Nothing
R/TR.R
In TaylorRussell: A Taylor-Russell Function for Multiple Predictors
Defines functions
TR
Documented in
TR
## TR
## Author: Niels Waller
#' @title Estimate the parameters of the Taylor-Russell function.
#'
#' @description
#' A Taylor-Russell function can be computed with any three of the following
#' four variables: the Base Rate (BR); the Selection Ratio (SR);
#' the Criterion Validity (CV) and the Positive Predictive Value (PPV).
#' The \code{TR()} function will compute a Taylor Russell function
#' when given any three of these parameters and estimate the remaining parameter.
#'
#' @param BR (numeric): The Base Rate of successful criterion performance
#' (i.e., within the target population, the proportion of individuals who can
#' successfully execute the job demands).
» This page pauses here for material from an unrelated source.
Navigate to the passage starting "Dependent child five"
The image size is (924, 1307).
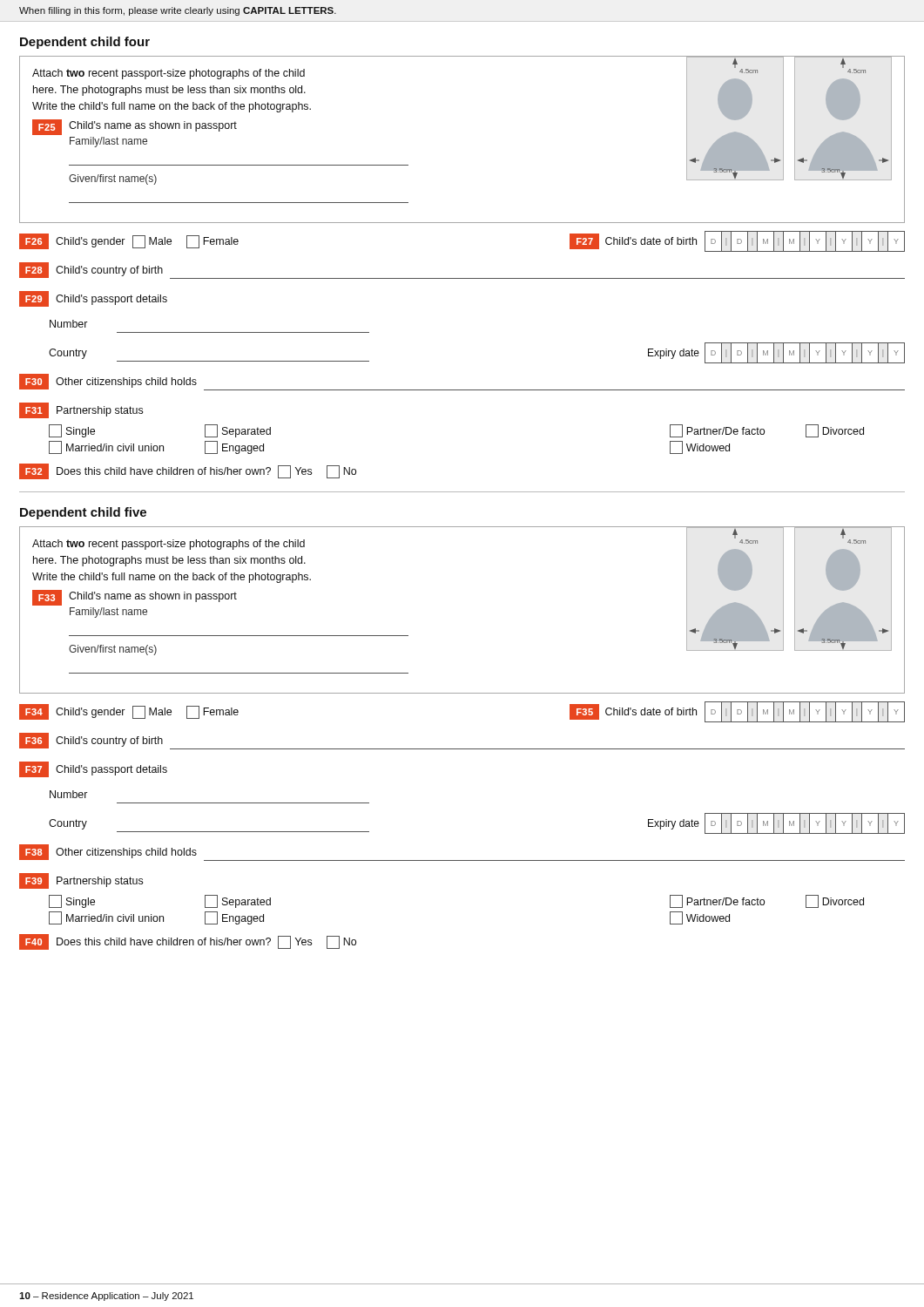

#' @param SR (numeric): The Selection Ratio. A real number between 0 and 1
#' that denotes the test selection ratio (i.e., the proportion of hired
#' candidates from the target population).
#' @param CV (numeric) The correlation (Criterion Validity) between the selection test
#' and a measure of job performance.
#' @param PPV (numeric): The Positive Predicted Value. The PPV denotes
#' the probability that a hired candidate has the necessary skills to
#' succeed on the job.
#' @param PrintLevel (integer): If \code{PrintLevel = 0} then no output will be printed to screen.
#' If \code{PrintLevel = 1} then a brief summary of output is printed to screen. Default \code{PrintLevel = 1}.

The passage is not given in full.